§ **WORK TASK**
Your task is to write out all of the records once more, exactly.

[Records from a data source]
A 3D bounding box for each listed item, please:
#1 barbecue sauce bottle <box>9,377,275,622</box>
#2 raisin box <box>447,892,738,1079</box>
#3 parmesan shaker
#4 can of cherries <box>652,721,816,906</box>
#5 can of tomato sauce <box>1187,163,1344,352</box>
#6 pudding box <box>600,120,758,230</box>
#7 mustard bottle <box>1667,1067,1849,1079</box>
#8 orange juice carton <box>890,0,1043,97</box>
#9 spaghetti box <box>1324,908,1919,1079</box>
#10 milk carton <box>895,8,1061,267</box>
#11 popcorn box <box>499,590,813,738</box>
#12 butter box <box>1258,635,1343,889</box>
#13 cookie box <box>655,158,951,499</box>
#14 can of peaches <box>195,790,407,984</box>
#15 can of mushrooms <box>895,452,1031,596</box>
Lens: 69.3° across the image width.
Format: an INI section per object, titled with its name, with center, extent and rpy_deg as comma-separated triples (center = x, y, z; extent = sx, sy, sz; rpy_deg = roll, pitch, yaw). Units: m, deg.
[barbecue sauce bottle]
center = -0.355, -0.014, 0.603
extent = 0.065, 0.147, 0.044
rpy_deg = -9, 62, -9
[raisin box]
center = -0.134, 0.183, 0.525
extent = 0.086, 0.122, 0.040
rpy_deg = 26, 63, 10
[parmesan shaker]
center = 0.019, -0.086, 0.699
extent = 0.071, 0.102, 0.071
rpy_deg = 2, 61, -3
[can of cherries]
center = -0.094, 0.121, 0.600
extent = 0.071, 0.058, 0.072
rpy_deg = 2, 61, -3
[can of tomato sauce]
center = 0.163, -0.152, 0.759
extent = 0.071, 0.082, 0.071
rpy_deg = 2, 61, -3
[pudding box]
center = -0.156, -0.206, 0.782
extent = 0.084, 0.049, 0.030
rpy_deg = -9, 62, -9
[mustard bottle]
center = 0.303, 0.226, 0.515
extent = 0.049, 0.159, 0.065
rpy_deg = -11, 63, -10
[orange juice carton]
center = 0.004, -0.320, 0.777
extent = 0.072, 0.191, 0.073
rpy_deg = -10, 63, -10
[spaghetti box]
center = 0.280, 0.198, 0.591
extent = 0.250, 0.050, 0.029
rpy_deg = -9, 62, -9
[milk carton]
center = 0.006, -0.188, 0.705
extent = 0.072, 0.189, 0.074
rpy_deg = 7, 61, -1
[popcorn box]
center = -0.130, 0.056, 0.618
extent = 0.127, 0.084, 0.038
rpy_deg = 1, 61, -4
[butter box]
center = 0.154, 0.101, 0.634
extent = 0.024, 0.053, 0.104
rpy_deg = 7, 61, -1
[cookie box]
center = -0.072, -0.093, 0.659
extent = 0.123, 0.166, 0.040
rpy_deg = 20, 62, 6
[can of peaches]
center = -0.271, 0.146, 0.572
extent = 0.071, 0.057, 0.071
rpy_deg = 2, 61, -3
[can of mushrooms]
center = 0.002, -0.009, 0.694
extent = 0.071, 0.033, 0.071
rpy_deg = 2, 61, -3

§ **RESPONSE**
A 3D bounding box for each listed item, please:
#1 barbecue sauce bottle <box>9,377,275,622</box>
#2 raisin box <box>447,892,738,1079</box>
#3 parmesan shaker
#4 can of cherries <box>652,721,816,906</box>
#5 can of tomato sauce <box>1187,163,1344,352</box>
#6 pudding box <box>600,120,758,230</box>
#7 mustard bottle <box>1667,1067,1849,1079</box>
#8 orange juice carton <box>890,0,1043,97</box>
#9 spaghetti box <box>1324,908,1919,1079</box>
#10 milk carton <box>895,8,1061,267</box>
#11 popcorn box <box>499,590,813,738</box>
#12 butter box <box>1258,635,1343,889</box>
#13 cookie box <box>655,158,951,499</box>
#14 can of peaches <box>195,790,407,984</box>
#15 can of mushrooms <box>895,452,1031,596</box>
Lens: 69.3° across the image width.
Format: an INI section per object, titled with its name, with center, extent and rpy_deg as comma-separated triples (center = x, y, z; extent = sx, sy, sz; rpy_deg = roll, pitch, yaw). Units: m, deg.
[barbecue sauce bottle]
center = -0.355, -0.014, 0.603
extent = 0.065, 0.147, 0.044
rpy_deg = -9, 62, -9
[raisin box]
center = -0.134, 0.183, 0.525
extent = 0.086, 0.122, 0.040
rpy_deg = 26, 63, 10
[parmesan shaker]
center = 0.019, -0.086, 0.699
extent = 0.071, 0.102, 0.071
rpy_deg = 2, 61, -3
[can of cherries]
center = -0.094, 0.121, 0.600
extent = 0.071, 0.058, 0.072
rpy_deg = 2, 61, -3
[can of tomato sauce]
center = 0.163, -0.152, 0.759
extent = 0.071, 0.082, 0.071
rpy_deg = 2, 61, -3
[pudding box]
center = -0.156, -0.206, 0.782
extent = 0.084, 0.049, 0.030
rpy_deg = -9, 62, -9
[mustard bottle]
center = 0.303, 0.226, 0.515
extent = 0.049, 0.159, 0.065
rpy_deg = -11, 63, -10
[orange juice carton]
center = 0.004, -0.320, 0.777
extent = 0.072, 0.191, 0.073
rpy_deg = -10, 63, -10
[spaghetti box]
center = 0.280, 0.198, 0.591
extent = 0.250, 0.050, 0.029
rpy_deg = -9, 62, -9
[milk carton]
center = 0.006, -0.188, 0.705
extent = 0.072, 0.189, 0.074
rpy_deg = 7, 61, -1
[popcorn box]
center = -0.130, 0.056, 0.618
extent = 0.127, 0.084, 0.038
rpy_deg = 1, 61, -4
[butter box]
center = 0.154, 0.101, 0.634
extent = 0.024, 0.053, 0.104
rpy_deg = 7, 61, -1
[cookie box]
center = -0.072, -0.093, 0.659
extent = 0.123, 0.166, 0.040
rpy_deg = 20, 62, 6
[can of peaches]
center = -0.271, 0.146, 0.572
extent = 0.071, 0.057, 0.071
rpy_deg = 2, 61, -3
[can of mushrooms]
center = 0.002, -0.009, 0.694
extent = 0.071, 0.033, 0.071
rpy_deg = 2, 61, -3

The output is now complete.